Flush the toilet and put a thin layer of Vaseline on the black plastic lip of the flush valve.
Then move the rubber back and forth to spread it across it's sealing surface.

Fill it up and dye test. If dye enters the bowel your flush valve is defective or you may have a bad seal between it and the upper part of the tank.

You did replace all of the flush valve not just the rubber part right?


----------



## simeltzer (Jan 21, 2011)

Fairview - yes, I have tried closing the supply off a couple of times. The water level only seems to drop 1"-2", but not to the level of the valve seal. Also, the systems seem to occur regardless of wether the lid is on or not. 
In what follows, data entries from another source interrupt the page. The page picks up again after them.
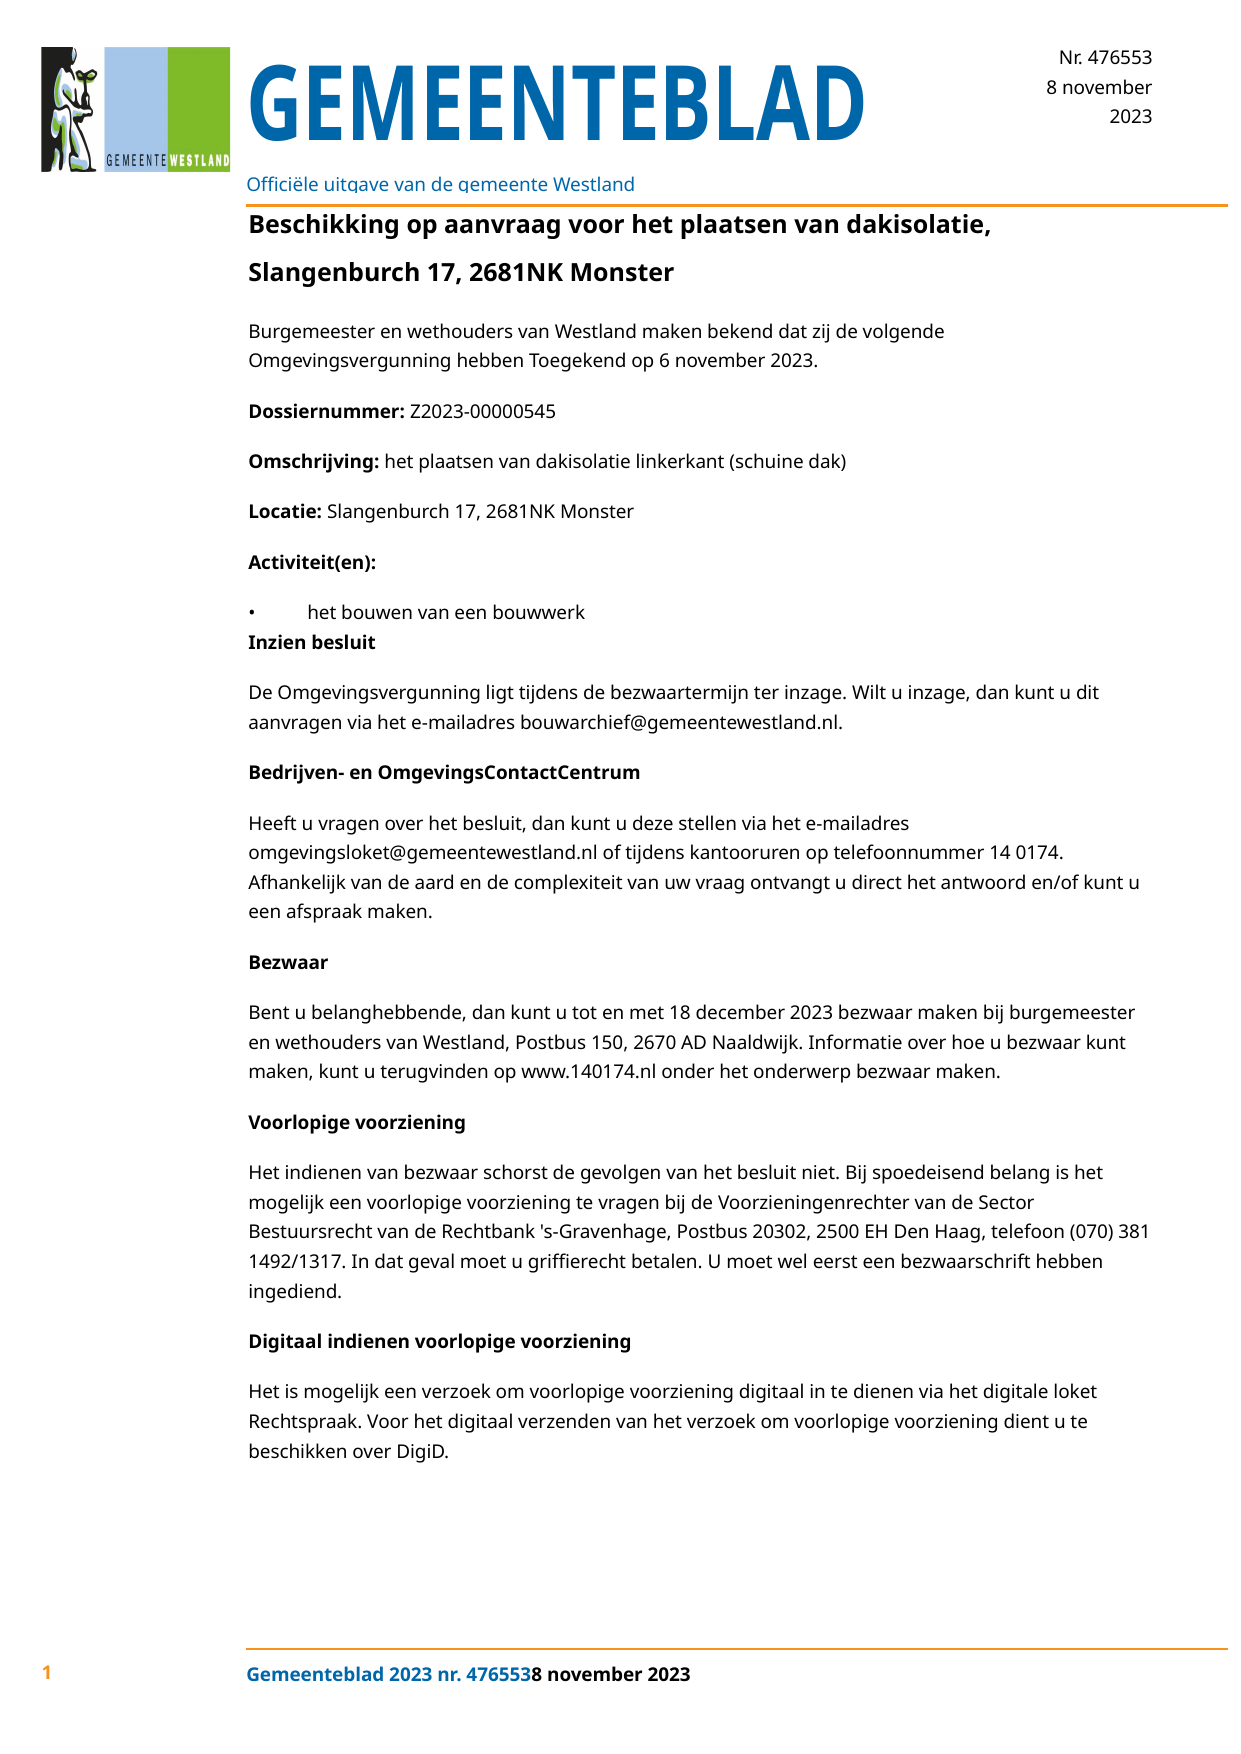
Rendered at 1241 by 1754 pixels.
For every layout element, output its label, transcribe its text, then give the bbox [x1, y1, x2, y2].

text Bedrijven- en OmgevingsContactCentrum [248, 759, 1152, 785]
text Het is mogelijk een verzoek om voorlopige voorziening digitaal in te dienen via het digitale loket Rechtspraak. Voor het digitaal verzenden van het verzoek om voorlopige voorziening dient u te beschikken over DigiD. [248, 1379, 1152, 1464]
text Locatie: Slangenburch 17, 2681NK Monster [248, 499, 1152, 524]
text Voorlopige voorziening [248, 1109, 1152, 1135]
text Bent u belanghebbende, dan kunt u tot en met 18 december 2023 bezwaar maken bij burgemeester en wethouders van Westland, Postbus 150, 2670 AD Naaldwijk. Informatie over hoe u bezwaar kunt maken, kunt u terugvinden op www.140174.nl onder het onderwerp bezwaar maken. [248, 999, 1152, 1084]
text Beschikking op aanvraag voor het plaatsen van dakisolatie, Slangenburch 17, 2681NK Monster [248, 207, 1152, 288]
text Inzien besluit [248, 629, 1152, 655]
picture [41, 47, 231, 172]
text Het indienen van bezwaar schorst de gevolgen van het besluit niet. Bij spoedeisend belang is het mogelijk een voorlopige voorziening te vragen bij de Voorzieningenrechter van de Sector Bestuursrecht van de Rechtbank 's-Gravenhage, Postbus 20302, 2500 EH Den Haag, telefoon (070) 381 1492/1317. In dat geval moet u griffierecht betalen. U moet wel eerst een bezwaarschrift hebben ingediend. [248, 1159, 1152, 1304]
text Burgemeester en wethouders van Westland maken bekend dat zij de volgende Omgevingsvergunning hebben Toegekend op 6 november 2023. [248, 318, 1152, 373]
text Activiteit(en): [248, 549, 1152, 575]
text Dossiernummer: Z2023-00000545 [248, 398, 1152, 424]
list het bouwen van een bouwwerk [248, 599, 1152, 625]
text Digitaal indienen voorlopige voorziening [248, 1328, 1152, 1354]
text Bezwaar [248, 949, 1152, 975]
text De Omgevingsvergunning ligt tijdens de bezwaartermijn ter inzage. Wilt u inzage, dan kunt u dit aanvragen via het e-mailadres bouwarchief@gemeentewestland.nl. [248, 679, 1152, 735]
text Heeft u vragen over het besluit, dan kunt u deze stellen via het e-mailadres omgevingsloket@gemeentewestland.nl of tijdens kantooruren op telefoonnummer 14 0174. Afhankelijk van de aard en de complexiteit van uw vraag ontvangt u direct het antwoord en/of kunt u een afspraak maken. [248, 810, 1152, 924]
text Omschrijving: het plaatsen van dakisolatie linkerkant (schuine dak) [248, 448, 1152, 474]

Ghostmaker - I did ultimately replace the whole valve with the factory installed seal. Wouldn't dye testing it be effective without doing the vaseline thing? If it needs vaseline to seal, then it aint working properly, right?


----------



## davidblackwood (Jun 13, 2013)

When it comes to problems such as this you need to replace absolutely everything. 

This requires a complete re-build

That means you need to replace every seal within the toilet. 

You are going to remove the flush valve and flush assembly. You need to replace both of them. 

You are going to need to replace the tank to bowl gasket and tank to bowl bolts. 

You need to replace the flapper and the toilet flush handle. 

You are going to have to do all this because when they don't stop running there is pitting on the parts and they need to be replaced. 

When you take the tank off. Take it outside and spray it with the garden hose to remove any sludge. 

Re-Assemble it with the highest quality parts. 

The flush valve you have there is the cheap fluidmaster from the Home Depot. 

Get rid of it

Purchase a Korkey fill valve. 

Only by doing all these things can you ensure the toilet will work properly.


----------



## Ghostmaker (Mar 2, 2013)

The Vaseline may soften the rubber enough to make it seal.
But from the sound of it your flush valve is defective return it for a new one.


----------



## COLDIRON (Mar 15, 2009)

It's rare but I have noticed a couple valve seats defective, it's hard to tell and it's tricky because who would think a plastic flapper seat would wear out? They do . Go buy a korky (as recommended) complete rebuild kit for 25 or 30 bucks and rebuild the whole toilet and quit messing around with all that online stuff and piecemealing parts. Remember never over tighten toilet parts one of the most problems people do. Sorry forgot you have worked on many toilets in the past. Good luck.


----------



## simeltzer (Jan 21, 2011)

So..... as to the advice of a rebuild of sorts. I too think/thought this was needed, that is why I went ahead and replaced the entire flush valve assembly with factory installed seal. While I did order this piece on the internet, it is the OEM part from American Standard. I replaced all flush valve seals, as well as tank gaskets and mounting bolts (everything but the fill valve, which I cleaned and reinstalled). I am not sure why I would need to replace the handle. Also, as mentioned, the flush valve is not a cheap fluidmaster part. Although the vaseline may do something, I hate to go through all of this, just to "rig it up." I have found a Korky part that is not the same as the AS, but would fit my toilet and could possibly solve the issue. IMHO I think the seal is the problem and is sometimes seating and sometimes not, thus the intermittent slow leak. I will keep y'all posted, thx again for the help.


----------



## eharri3 (Jul 31, 2013)

I ran into this problem after I replaced a flapper. I had to keep messing around with the water level. Finally realized where the water line was and when I put it right on the dot the toilet stopped running. Too much or too littler water and it can cause the water to leak out.


----------